Дивный неведомый аромат ударил в нос. Он видел перед собой комнаты под сводами, двери распахнуты, внутри бочонки и бутылки, очень много: ряды, роты, батальоны бутылок. На иных бочонках – краны. Лямин впервые в жизни наблюдал винный погреб. Солдаты, расстреляв охрану погреба, уже радостно высасывали вино из горла, подбрасывали пустые бутылки в ладонях. С лязгом, похожим на женский визг, разбивали их об пол – с размаху.
– Будьте вы прокляты! Гас-па-да-а-а-а-а!
Били бутылки уже пьяно, дико, щедро, не жалея. Вино текло пузырящейся красной рекой. Обтекало сапоги Лямина. Он таращился, потом наклонился, окунал пальцы в красное, неистово пахучее. Лизал пальцы, как кот лапу.
– Эх, теки-теки, наша кровушка!
– А куда стячеть-то? В Няву, по всяму видать?
– В Неву так в Неву! Пусть народ из реки винца попьет! С бережку!
Лямин вертел в руках бутылку. Щурился. Поднял ее повыше и полоснул ей по горлу, как живой бабе, штыком. Стекло отлетело. Он закинул голову и, держа отбитое горлышко ровно над галчино раскрытым ртом, вливал в себя, с алым вкусным бульканьем, царское столетнее вино.
И не пьянел.
…Над головой, выше этажом, вспыхивали и гасли ужасные крики. Крик сначала рождался из тишины – выбухом, взрывом; потом разрастался, заливал собою все вышнее пространство – залы, зальчики, закутки; потом превращался в долгий дикий вой – будто собака посмертно выла над трупом, – и истаивал, затихал и обрывался гнилой ниткой.
– Юнкеришек мучат, – бородатый мужик подворотного вида, с гноящимся глазом, придирчиво выбрал бутылку из темно-красного стеклянного строя, откупорил и влил в себя крупный, жадный глоток. – И верно делают. Собачьи дети! Отродья буржуйские!

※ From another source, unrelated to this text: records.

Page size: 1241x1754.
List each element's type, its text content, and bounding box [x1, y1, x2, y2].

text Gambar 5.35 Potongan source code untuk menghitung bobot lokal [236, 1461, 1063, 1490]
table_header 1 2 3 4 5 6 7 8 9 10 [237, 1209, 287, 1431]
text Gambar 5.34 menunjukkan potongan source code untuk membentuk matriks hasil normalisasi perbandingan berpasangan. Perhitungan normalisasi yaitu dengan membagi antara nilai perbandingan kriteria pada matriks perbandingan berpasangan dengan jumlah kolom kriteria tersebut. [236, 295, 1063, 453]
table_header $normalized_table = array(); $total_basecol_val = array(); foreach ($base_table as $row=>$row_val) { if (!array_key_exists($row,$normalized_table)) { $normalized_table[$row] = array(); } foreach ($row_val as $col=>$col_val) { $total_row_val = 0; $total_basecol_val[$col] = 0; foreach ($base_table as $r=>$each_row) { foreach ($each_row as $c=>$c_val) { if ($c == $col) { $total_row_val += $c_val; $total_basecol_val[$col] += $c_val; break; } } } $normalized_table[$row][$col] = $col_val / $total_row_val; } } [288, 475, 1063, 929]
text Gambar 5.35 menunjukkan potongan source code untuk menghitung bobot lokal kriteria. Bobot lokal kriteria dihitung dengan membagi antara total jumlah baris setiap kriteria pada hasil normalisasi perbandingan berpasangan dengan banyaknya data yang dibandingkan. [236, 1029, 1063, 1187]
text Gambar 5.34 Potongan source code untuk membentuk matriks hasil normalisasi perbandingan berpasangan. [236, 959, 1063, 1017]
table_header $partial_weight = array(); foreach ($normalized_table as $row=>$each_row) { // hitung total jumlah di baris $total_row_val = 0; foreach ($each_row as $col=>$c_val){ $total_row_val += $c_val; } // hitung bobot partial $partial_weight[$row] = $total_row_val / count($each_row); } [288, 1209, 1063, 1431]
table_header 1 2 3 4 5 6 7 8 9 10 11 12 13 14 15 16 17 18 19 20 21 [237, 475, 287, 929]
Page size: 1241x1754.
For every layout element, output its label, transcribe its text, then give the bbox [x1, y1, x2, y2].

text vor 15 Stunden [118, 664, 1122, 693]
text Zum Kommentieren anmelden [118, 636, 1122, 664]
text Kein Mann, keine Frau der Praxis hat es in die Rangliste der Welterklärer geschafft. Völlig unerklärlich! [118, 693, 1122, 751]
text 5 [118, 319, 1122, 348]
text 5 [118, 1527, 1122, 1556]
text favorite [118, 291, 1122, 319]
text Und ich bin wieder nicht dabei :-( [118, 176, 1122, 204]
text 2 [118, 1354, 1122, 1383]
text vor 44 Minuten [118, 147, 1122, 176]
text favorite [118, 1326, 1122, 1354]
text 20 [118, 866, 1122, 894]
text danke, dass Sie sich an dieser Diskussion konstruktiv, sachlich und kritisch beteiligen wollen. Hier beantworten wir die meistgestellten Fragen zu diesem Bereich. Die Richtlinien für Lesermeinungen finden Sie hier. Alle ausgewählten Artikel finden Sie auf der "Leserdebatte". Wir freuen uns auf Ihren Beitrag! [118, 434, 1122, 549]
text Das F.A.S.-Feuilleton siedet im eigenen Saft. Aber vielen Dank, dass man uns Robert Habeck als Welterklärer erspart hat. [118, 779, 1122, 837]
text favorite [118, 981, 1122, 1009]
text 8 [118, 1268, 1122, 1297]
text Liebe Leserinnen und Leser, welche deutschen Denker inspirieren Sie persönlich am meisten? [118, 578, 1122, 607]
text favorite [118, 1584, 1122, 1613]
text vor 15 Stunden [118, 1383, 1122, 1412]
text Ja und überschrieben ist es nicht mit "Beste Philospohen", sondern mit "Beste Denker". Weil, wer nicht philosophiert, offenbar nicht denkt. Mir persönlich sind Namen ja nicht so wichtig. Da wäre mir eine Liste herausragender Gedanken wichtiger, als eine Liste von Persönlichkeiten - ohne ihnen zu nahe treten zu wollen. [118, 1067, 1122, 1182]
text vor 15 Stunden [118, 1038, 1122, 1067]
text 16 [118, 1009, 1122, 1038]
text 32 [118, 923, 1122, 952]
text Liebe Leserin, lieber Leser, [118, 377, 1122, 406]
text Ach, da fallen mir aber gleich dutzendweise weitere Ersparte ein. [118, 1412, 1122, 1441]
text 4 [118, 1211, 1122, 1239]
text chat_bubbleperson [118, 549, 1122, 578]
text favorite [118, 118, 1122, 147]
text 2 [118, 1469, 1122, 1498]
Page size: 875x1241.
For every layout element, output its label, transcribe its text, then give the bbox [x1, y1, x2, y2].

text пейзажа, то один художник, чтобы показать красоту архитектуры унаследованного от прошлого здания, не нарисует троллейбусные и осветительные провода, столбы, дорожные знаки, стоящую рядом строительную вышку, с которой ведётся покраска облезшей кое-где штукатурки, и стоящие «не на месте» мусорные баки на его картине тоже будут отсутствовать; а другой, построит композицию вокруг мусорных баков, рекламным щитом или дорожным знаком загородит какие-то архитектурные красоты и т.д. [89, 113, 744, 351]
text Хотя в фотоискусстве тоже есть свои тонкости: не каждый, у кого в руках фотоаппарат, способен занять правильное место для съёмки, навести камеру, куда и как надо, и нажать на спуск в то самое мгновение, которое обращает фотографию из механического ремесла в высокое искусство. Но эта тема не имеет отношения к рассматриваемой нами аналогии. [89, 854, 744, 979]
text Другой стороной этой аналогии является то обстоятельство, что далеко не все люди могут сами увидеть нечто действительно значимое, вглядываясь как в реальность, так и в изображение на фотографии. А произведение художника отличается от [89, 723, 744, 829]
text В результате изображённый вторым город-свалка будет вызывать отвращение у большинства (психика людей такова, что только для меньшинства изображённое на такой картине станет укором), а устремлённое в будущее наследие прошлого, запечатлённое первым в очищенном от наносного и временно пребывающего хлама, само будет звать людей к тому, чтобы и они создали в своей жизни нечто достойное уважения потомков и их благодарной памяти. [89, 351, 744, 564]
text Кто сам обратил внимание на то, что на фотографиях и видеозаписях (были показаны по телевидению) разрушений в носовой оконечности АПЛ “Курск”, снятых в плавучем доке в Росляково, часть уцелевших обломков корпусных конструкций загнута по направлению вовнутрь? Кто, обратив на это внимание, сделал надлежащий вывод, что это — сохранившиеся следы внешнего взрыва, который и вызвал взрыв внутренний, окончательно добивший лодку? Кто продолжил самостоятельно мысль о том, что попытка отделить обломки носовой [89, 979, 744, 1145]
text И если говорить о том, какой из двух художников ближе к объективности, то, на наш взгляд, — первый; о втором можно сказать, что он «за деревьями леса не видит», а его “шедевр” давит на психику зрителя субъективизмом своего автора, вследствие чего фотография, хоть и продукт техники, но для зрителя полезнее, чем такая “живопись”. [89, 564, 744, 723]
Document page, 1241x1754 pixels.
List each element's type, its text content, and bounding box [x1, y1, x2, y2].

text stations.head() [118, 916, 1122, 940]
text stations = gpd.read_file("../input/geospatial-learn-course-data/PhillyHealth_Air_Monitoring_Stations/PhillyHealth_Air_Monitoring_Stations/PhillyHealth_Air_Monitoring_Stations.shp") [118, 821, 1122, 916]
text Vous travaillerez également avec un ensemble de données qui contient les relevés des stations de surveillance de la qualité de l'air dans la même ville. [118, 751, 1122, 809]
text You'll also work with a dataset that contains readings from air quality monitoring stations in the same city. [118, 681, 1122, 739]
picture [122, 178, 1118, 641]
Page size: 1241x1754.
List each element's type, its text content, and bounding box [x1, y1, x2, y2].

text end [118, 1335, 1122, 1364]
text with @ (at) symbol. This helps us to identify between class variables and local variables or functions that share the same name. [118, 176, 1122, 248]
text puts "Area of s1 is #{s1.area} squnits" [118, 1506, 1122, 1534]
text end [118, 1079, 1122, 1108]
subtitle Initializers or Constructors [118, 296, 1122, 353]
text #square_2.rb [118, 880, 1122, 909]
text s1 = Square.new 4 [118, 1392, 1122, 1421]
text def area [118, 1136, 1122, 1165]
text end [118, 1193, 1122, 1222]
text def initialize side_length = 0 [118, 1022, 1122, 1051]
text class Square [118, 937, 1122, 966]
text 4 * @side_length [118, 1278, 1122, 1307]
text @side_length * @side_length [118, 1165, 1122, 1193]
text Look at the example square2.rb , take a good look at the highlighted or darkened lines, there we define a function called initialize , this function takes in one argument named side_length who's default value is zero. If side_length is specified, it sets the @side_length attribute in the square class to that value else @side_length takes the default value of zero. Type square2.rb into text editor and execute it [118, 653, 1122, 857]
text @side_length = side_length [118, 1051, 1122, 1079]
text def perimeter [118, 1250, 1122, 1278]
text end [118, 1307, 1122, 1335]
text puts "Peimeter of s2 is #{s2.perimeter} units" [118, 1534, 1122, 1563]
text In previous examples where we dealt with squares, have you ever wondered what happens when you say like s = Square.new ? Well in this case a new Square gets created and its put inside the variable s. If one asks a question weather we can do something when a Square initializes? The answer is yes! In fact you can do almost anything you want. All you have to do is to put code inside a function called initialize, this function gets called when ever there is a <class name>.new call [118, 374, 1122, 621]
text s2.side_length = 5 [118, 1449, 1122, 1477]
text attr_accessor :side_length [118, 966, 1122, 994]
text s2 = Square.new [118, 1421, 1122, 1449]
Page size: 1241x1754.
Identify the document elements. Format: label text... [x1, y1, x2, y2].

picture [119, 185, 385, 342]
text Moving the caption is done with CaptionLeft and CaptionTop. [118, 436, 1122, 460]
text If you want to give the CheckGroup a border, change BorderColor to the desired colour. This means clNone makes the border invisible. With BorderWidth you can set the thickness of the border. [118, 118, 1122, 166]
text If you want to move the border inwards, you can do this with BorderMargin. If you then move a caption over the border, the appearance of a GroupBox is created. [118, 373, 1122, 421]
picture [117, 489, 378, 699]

Лямину отчего-то, на краткий странный миг, стало жалко юнкеров.
– Отродья, да, – сказал, – да все ж русские люди.
Опять закинул башку и перевернул зазубрины отбитого горлышка надо ртом.
Глотал вино, как воду.
Мужик тоже хлебнул, ладонью утерся.
– Ах! Хорошо. Вот она, господская жисть-то!
Оба хохотали весело.
– А коньяк тут есть? В этих закромах?
Нагибались, пробирались между бочонков, искали коньяк.
Наверху, между мужскими воплями, появились дикие женские крики.
– А это еще что такое? – Мужик, с янтарной бутылью в руке, воззрился на Лямина. – Бабенки? Откуда?
– Сам не знаю.
Михаил вылил в рот сладкие, пахучие остатки.
Мужик вертел в руках бутылку.
– Желтый, значит, он. По-ненашему написано! Ну да все один черт. Вкусно, да. Хоть бы хлебца кусочек! Без закуски – брат, быстро свалимся.
Крики чередовались, мужские и бабьи. Лямин и все, кто густо толкся в винном погребе, были вынуждены их слушать. И слушали. И пили. Пили, чтобы слышать – перестать.
Но крики не утихали. Ввинчивались в уши стальными винтами. Насквозь прорезали мозг.